The following embeddings are currently supported:

| ID | Language | Embedding |
| ------------- | -------------  | ------------- |
| 'en-glove' (or 'glove') | English | GloVe embeddings |
| 'en-extvec' (or 'extvec') | English |Komninos embeddings |
| 'en-crawl' (or 'crawl')  | English | FastText embeddings over Web crawls |
| 'en-twitter' (or 'twitter')  | English | Twitter embeddings |
| 'en-turian' (or 'turian')  | English | Turian embeddings (small) |
| 'en' (or 'en-news' or 'news')  |English | FastText embeddings over news and wikipedia data |
| 'de' | German |German FastText embeddings |
| 'nl' | Dutch | Dutch FastText embeddings |
| 'fr' | French | French FastText embeddings |
| 'it' | Italian | Italian FastText embeddings |
| 'es' | Spanish | Spanish FastText embeddings |
| 'pt' | Portuguese | Portuguese FastText embeddings |
| 'ro' | Romanian | Romanian FastText embeddings |
| 'ca' | Catalan | Catalan FastText embeddings |
| 'sv' | Swedish | Swedish FastText embeddings |
| 'da' | Danish | Danish FastText embeddings |
| 'no' | Norwegian | Norwegian FastText embeddings |
| 'fi' | Finnish | Finnish FastText embeddings |
| 'pl' | Polish | Polish FastText embeddings |
| 'cz' | Czech | Czech FastText embeddings |
| 'sk' | Slovak | Slovak FastText embeddings |
| 'sl' | Slovenian | Slovenian FastText embeddings |
| 'sr' | Serbian | Serbian FastText embeddings |
| 'hr' | Croatian | Croatian FastText embeddings |
| 'bg' | Bulgarian | Bulgarian FastText embeddings |
| 'ru' | Russian | Russian FastText embeddings |
| 'ar' | Arabic | Arabic FastText embeddings |
| 'he' | Hebrew | Hebrew FastText embeddings |
| 'tr' | Turkish | Turkish FastText embeddings |
| 'fa' | Persian | Persian FastText embeddings |
| 'ja' | Japanese | Japanese FastText embeddings |
| 'ko' | Korean | Korean FastText embeddings |
| 'zh' | Chinese | Chinese FastText embeddings |
| 'hi' | Hindi | Hindi FastText embeddings |
| 'id' | Indonesian | Indonesian FastText embeddings |
| 'eu' | Basque | Basque FastText embeddings |

So, if you want to load German FastText embeddings, instantiate as follows:

```python
german_embedding = WordEmbeddings('de')
```

Alternatively, if you want to load German FastText embeddings trained over crawls, instantiate as follows:

```python
german_embedding = WordEmbeddings('de-crawl')
```

We generally recommend the FastText embeddings, or GloVe if you want a smaller model.
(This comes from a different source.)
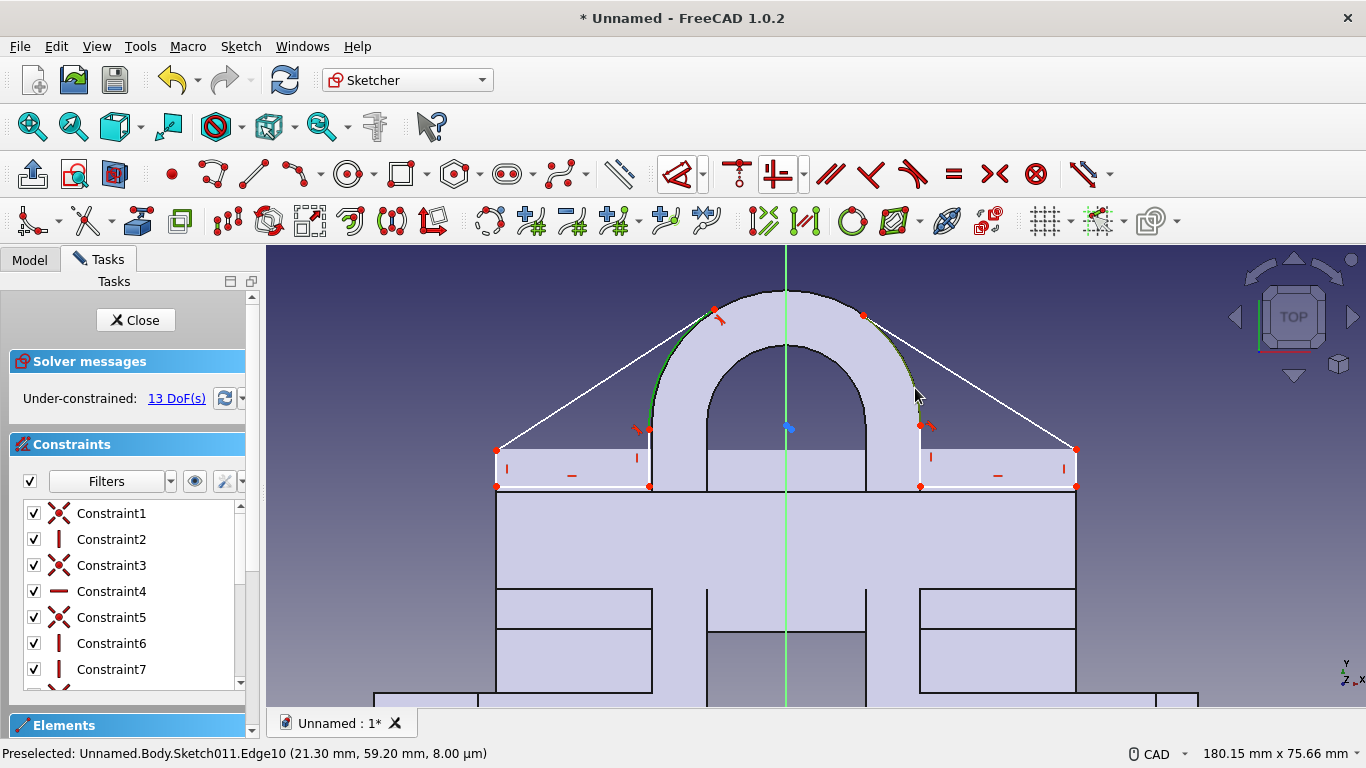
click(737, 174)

If you want to use any other embeddings (not listed in the list above), you can load those by calling
```python
custom_embedding = WordEmbeddings('path/to/your/custom/embeddings.gensim')
```
If you want to load custom embeddings you need to make sure that the custom embeddings are correctly formatted to
[gensim](https://radimrehurek.com/gensim/models/word2vec.html).

You can, for example, convert [FastText embeddings](https://fasttext.cc/docs/en/crawl-vectors.html) to gensim using the
following code snippet:
```python
import gensim

word_vectors = gensim.models.KeyedVectors.load_word2vec_format('/path/to/fasttext/embeddings.txt', binary=False)
word_vectors.save('/path/to/converted')
```

However, FastText embeddings have the functionality of returning vectors for out of vocabulary words using the sub-word information. If you want to use this then try [`FastTextEmbeddings`](#flair.embeddings.token.FastTextEmbeddings) class.